Determine if there are structural differences between the sites bound by both ScPho4 and CgPho4 (Type-1), vs those only accessible to CgPho4 (Type-2), in S. cerevisiae
| Data | Source | Notes |
|---|---|---|
| ChIP-bound sites | He et al 2017, eLife | both ScPho4 and CgPho4, contains gene induction data as well |
| S. cerevisiae genome sequences | ENSEMBL | the genome coordinates of the above table is based on S. cerevisiae genome R64-2-1, which is based on genome sequences of R64-1-1 |
| Nucleosome occupancy | Zhou and O'Shea 2011 | wig file through the GEO datasets or raw FASTQ files through the SRA Run selector |
Perform a "X-ray scan" of each ChIP-identified peak at the resolution of single binding sites in relation to nucleosome binding. Essentially create many plots like the one made for PHO5 promoter by Lam et al above. Our naive hypothesis is that type-2 sites would be characterized by the presence of only a nucleosome-occluded consensus site.

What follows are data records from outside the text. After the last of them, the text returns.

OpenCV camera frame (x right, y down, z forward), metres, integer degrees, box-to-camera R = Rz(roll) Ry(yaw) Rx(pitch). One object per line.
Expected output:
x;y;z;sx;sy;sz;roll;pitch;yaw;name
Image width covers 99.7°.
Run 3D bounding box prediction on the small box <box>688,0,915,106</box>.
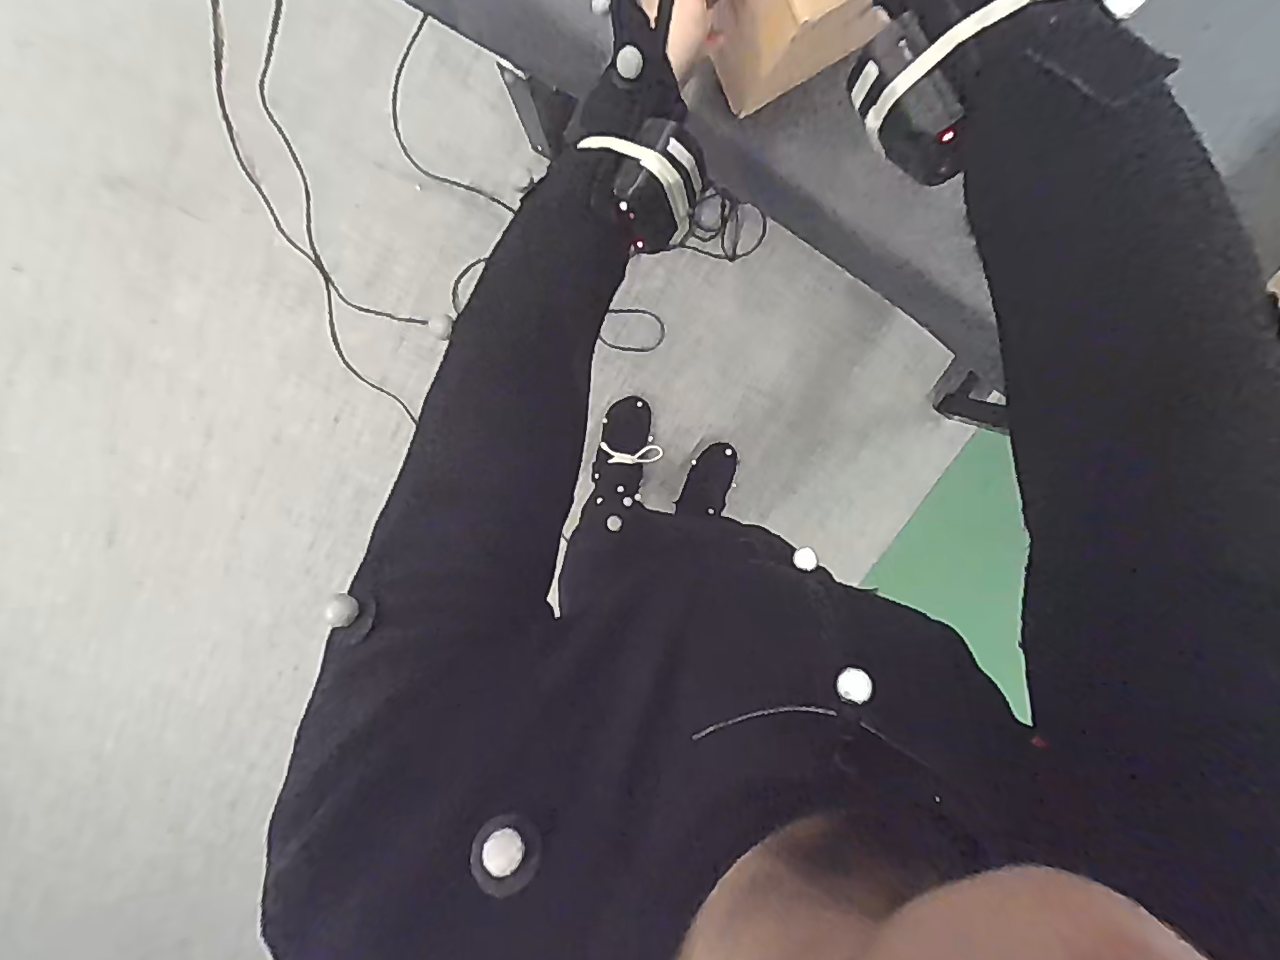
0.132;-0.420;0.390;0.179;0.176;0.168;-28;107;4;small box

To achieve this, we need to collect the following types of data for each ChIP-peak, and plot them in parallel:
- Promoter position as the X-axis
- Nucleosome occupancy under high or low phosphate conditions, calculated from nucleosome profiling data (see below)
- Motif location and quality (motif scan can be done with a simple Python script, like the one Jia wrote)
- Motif conservation within the sensu stricto species (the solid vs light shade in the PHO5 figure)
Option 1
- Use the processed "wig" format file from the link above. This can be directly loaded into R and plotted as the occupancy
Option 2
- Start from the raw fastq files and perform mapping ourselves.